Short, stout, jolly Billy Hamilton is known as one of the oldest and best drivers upon the Pacific Coast and a man who has owned stage lines in many parts of Oregon, Nevada, and California. He could handle the "ribbons" with any of them for thirty years, and commenced staging in 1850. For many years he owned the lines from Colfax to Grass Valley, from Los Angeles to Bakersfield, from Mojave to Independence, and many others. Billy was fond of his "tod" when not driving. For twenty-five years he made more money than he knew what to do with, and he literally threw it away.
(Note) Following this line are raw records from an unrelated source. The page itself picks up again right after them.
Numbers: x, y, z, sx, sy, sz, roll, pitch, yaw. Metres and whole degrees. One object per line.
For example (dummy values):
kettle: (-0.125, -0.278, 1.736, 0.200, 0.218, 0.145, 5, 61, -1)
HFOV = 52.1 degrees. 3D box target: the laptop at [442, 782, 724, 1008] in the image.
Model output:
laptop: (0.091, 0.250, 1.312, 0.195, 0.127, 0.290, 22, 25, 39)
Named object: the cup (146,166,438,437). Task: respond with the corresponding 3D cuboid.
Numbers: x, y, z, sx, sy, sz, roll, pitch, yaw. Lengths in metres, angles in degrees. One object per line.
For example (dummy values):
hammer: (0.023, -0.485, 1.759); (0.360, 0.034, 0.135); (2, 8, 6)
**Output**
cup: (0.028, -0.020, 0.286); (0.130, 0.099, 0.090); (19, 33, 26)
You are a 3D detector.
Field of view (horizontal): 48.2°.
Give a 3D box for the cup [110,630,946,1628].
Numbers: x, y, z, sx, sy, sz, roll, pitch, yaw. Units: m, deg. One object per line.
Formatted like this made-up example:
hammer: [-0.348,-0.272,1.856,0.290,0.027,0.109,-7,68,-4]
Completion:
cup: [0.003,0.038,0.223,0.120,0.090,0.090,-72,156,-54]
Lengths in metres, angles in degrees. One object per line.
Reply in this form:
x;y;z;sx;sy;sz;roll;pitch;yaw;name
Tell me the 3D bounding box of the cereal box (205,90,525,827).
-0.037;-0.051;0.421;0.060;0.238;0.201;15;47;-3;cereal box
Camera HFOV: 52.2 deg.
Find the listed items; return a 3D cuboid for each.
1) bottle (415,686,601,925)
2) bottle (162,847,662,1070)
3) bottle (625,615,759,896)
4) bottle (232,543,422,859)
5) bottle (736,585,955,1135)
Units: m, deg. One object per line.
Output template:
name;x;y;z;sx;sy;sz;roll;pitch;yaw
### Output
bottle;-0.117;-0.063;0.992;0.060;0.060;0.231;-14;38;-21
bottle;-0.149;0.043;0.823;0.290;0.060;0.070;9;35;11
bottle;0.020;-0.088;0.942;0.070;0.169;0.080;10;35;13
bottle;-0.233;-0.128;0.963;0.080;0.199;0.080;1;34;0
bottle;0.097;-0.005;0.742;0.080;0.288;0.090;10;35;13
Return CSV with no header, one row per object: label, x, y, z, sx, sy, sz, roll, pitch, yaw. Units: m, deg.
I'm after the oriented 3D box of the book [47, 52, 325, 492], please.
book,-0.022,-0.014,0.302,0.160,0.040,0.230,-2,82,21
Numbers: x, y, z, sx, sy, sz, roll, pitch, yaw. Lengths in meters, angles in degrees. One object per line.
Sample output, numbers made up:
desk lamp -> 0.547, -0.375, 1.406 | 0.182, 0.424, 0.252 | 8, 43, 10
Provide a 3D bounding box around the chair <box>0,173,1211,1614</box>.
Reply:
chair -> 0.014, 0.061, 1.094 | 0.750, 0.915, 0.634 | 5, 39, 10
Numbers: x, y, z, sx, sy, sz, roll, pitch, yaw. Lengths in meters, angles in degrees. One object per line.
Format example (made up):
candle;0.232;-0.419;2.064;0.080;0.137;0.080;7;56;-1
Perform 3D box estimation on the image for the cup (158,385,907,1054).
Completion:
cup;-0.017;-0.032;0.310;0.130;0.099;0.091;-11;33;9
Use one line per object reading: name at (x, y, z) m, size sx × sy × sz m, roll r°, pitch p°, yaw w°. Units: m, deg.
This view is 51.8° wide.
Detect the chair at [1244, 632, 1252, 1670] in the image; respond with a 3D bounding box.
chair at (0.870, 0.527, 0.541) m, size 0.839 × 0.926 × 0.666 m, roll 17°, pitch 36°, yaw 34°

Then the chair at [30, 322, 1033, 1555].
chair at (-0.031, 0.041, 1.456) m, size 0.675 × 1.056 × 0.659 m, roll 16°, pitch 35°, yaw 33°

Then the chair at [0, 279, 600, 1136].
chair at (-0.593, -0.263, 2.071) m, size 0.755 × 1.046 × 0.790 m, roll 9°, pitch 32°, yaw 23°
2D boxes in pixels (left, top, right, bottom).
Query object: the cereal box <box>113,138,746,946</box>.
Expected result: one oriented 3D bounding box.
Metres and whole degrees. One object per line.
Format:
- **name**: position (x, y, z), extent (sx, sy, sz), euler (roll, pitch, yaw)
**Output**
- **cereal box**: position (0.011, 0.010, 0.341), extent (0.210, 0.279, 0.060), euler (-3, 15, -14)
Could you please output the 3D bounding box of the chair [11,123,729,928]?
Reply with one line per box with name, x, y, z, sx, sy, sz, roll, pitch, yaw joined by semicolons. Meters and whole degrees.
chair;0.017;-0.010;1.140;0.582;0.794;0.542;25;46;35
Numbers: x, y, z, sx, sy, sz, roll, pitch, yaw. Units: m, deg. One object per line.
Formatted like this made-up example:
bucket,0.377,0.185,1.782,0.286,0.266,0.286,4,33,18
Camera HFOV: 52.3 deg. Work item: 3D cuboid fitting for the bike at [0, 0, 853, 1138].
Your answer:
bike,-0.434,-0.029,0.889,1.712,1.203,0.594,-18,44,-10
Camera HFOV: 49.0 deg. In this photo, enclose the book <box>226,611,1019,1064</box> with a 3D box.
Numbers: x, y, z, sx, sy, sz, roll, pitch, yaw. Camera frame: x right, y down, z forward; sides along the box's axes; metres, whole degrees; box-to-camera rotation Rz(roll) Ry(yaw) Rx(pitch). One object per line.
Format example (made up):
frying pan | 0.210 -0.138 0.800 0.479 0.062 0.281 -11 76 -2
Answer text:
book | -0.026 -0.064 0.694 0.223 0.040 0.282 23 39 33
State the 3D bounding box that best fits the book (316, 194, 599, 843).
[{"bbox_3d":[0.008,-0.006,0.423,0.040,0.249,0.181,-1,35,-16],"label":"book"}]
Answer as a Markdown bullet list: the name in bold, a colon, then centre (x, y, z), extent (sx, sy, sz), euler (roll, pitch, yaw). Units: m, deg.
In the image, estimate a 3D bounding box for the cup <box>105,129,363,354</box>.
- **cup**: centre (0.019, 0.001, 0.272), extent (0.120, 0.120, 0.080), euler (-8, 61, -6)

He was generous to a fault and has loaned more twenty-dollar gold pieces in his life that he could never get back than you could put in a peck measure.

 

I have ridden with Billy in the Sierra, through the Mojave Desert, and over the Coast Range, and considered him one of the most delightful whips in the world. He weighs 190 pounds and is sixty-five years old, and although he has struck bed-rock pretty closely a number of times, he was often helped out by Leland Stanford and Charles Crocker, (who never went back on any of the forty-niners who had done them a service), and now owns a pretty ranch in Kern county, where he resides when he is not at the Palace Hotel in San Francisco, playing "cinch " for half bottles of Extra Dry.

 

Buffalo Jim, who was laid to rest at Merced, in 1881, was a well known Yosemite driver twenty years ago, but had driven at times from Portland, Oregon, to Tucson, Arizona. I came down from the Valley with him once, when his only other passengers were two women from Los Angeles and two children and an Eastern clergyman. Jim was accounted a good driver, but upon the occasion referred to, there was something the matter with the nigh wheel horse (he was driving only four horses), which he attempted in vain to discover. The animal acted worse and worse for about a mile, when at last it commenced to buck and kick and finally broke in the dash board. At this, the team started on the run and Jim put down the brake as far as he could and yanked the team with all his might. His hat flew off and we went like the wind. The horses all kicked and ran, and I saw he was getting worn out and scared; and although I believe I could have helped him if he would have permitted me, (the two women were my wife and sister, and their children,) I know the peculiarities of these fellows and would not offer assistance, but merely said to those inside in answer to their questions: 

 

"The team is running away, but don't jump!"

 

As we happened to be on a smooth, wide piece of road where there were no big rocks or trees, I felt that the team would run itself tired and that the stage would not be turned over if the harness and brake held and it did not leave the grade. After a run of four miles Jim handed me the lines over the wheelers, saying:  

 

"Do the best you can, old man, for I am about gone up!"

 

The harness was getting shaky, and two of the traces had given away, but the under-gear, the brake, and the lines, remained all right, and we soon struck a stretch of deep sand and at last brought up the team within a few hundred yards of a swing station, which we managed to reach in bad condition. Jim was limp with fatigue, so much so, that he could not swear properly. We all drew long breaths, although none inside realized the closeness of the call we had just had on that mountain grade.